青年的胸膛白皙,虽不算健壮,但也并非骨瘦如柴,玉泽的肌肤和恰到好处的薄肌相得益彰,那两点晕开的淡粉更如锦上添花,很是诱人采撷……
呸,她在瞎看什么。
程令雪驱散色念,目光定住了。
公子身上玉白无瑕。
没有蛊印。
担心看漏了哪一处,她一咬牙,将他的上衫都褪下来,前前后后,仔仔细细看了一遍,还是没发现蛊印。

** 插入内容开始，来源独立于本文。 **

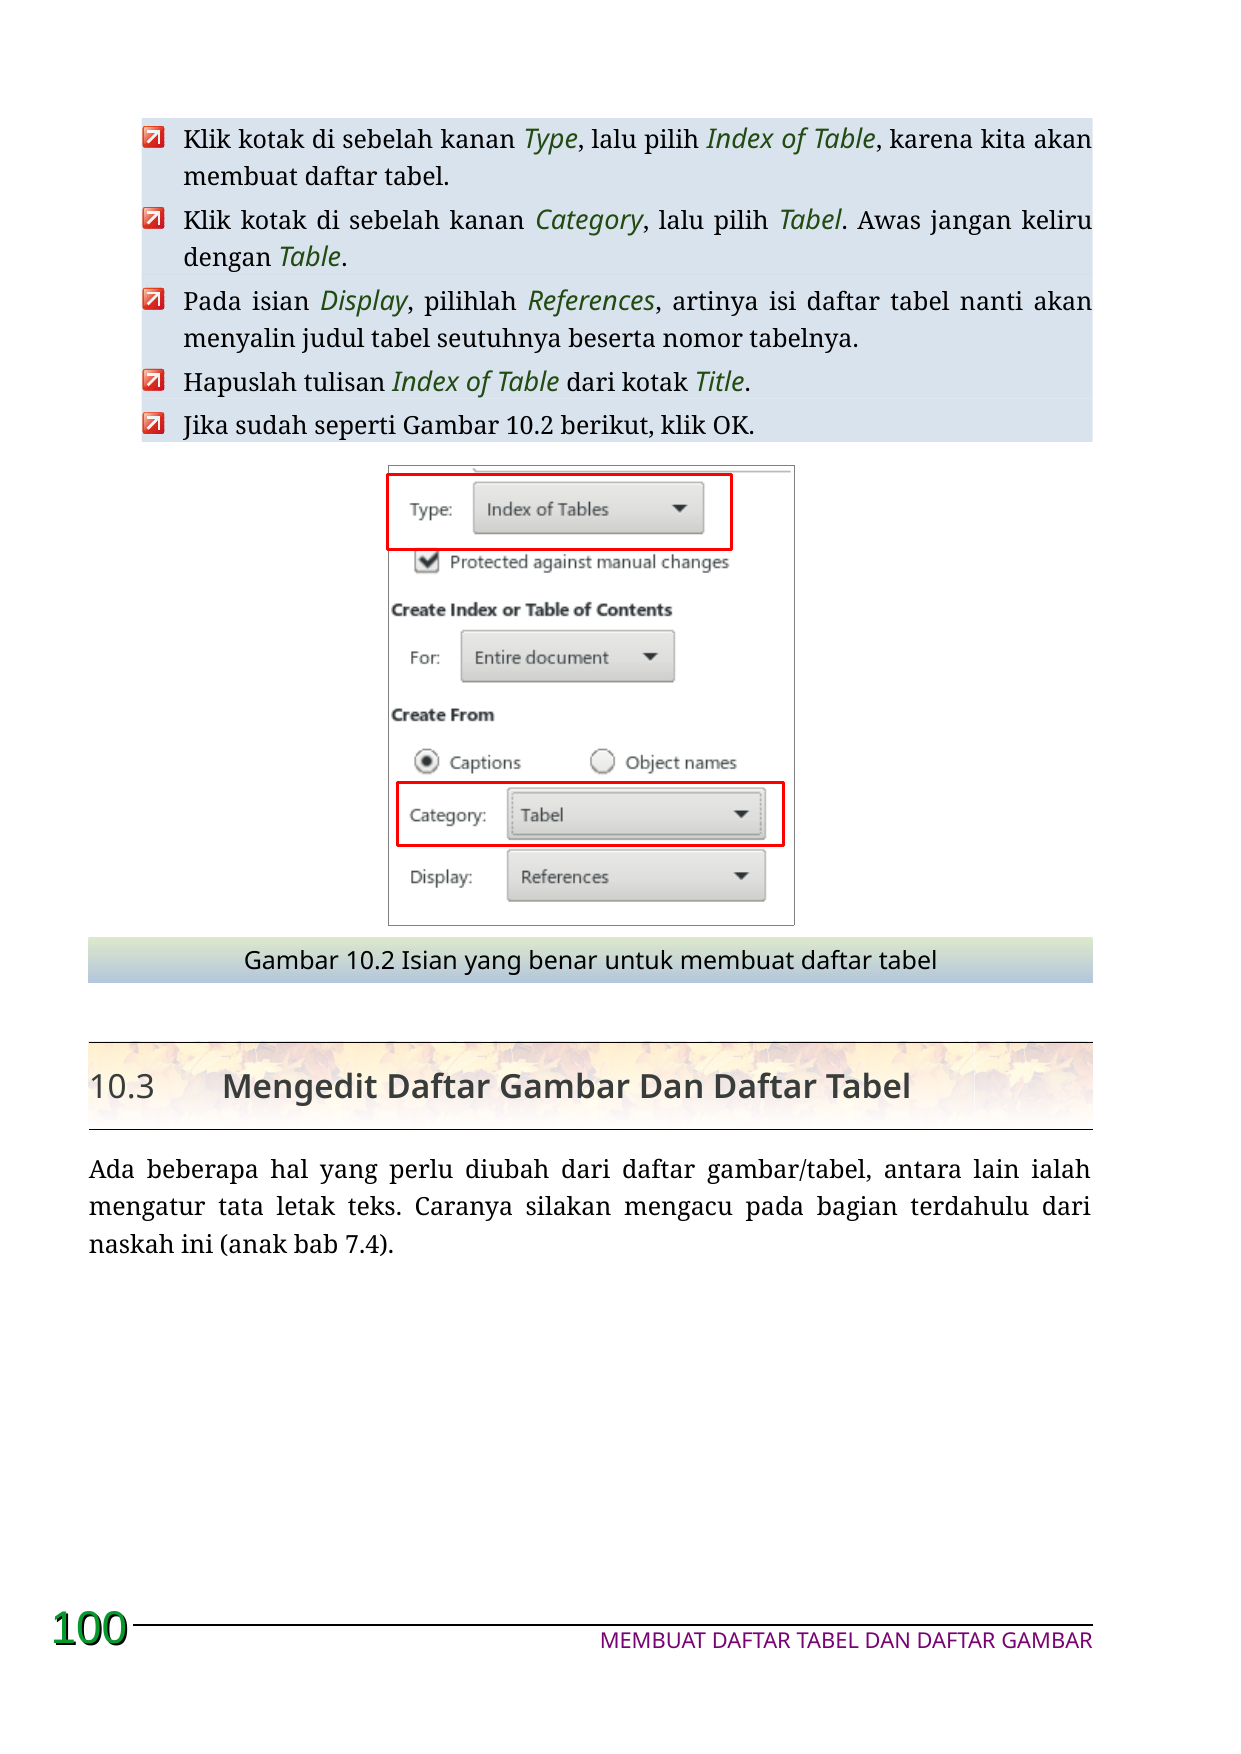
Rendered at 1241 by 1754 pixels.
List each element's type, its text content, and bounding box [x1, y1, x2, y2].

只是公子小臂上,有一处旧伤,两三存长,算不太深,依她过去受伤的经验,看那伤疤的痕迹,似是重复用刀划出的,大抵是公子每次发病时以痛止痛留下的痕迹。
程令雪叹了口气。
她又鼓起勇气,把公子下衫也扒下,涨红着脸,一寸寸看过。
还是没有。
她匆忙把衣裳给他穿好。
又扒开自己的衣襟,她的心口,也没有蛊印。故而——
她的蛊毒,解了!
程令雪激动得双手发颤。
五个月了……
因为这蛊,她日夜难安,还要守着女儿身怕公子发现,公子性子还尤其古怪,飘渺如雾,难以捉摸……
不,不是性子怪。
公子适才的梦呓犹在耳边。
程令雪看向榻上沉睡的公子,顷刻间,从前一切有了端倪。
她和师姐都猜错了。
公子时而困惑,时而挣扎,时而快乐,时而痛苦;今日远离她,明日又亲近她……他会有这些复杂的情绪,并非因为他喜怒无常,也不全是因为体弱而艳羡她能来去自如,而是——
他喜欢上了她。
不,确切说,是喜欢竹雪。
此刻翻出公子那句“我认了”,再一细品,程令雪总算懂了。
她居然以为公子是认命了。
他只是认了他喜欢竹雪这回事!
难怪他二话不说,便帮竹雪的表姐解毒,甚至用一个对他来说亏本的交易替她压下偷钱家账本的事。
难怪他常惋惜竹雪不是女子。
难怪赵嬷嬷会来。
程令雪心绪无比复杂。
她终究……
还是给公子带来了伤害。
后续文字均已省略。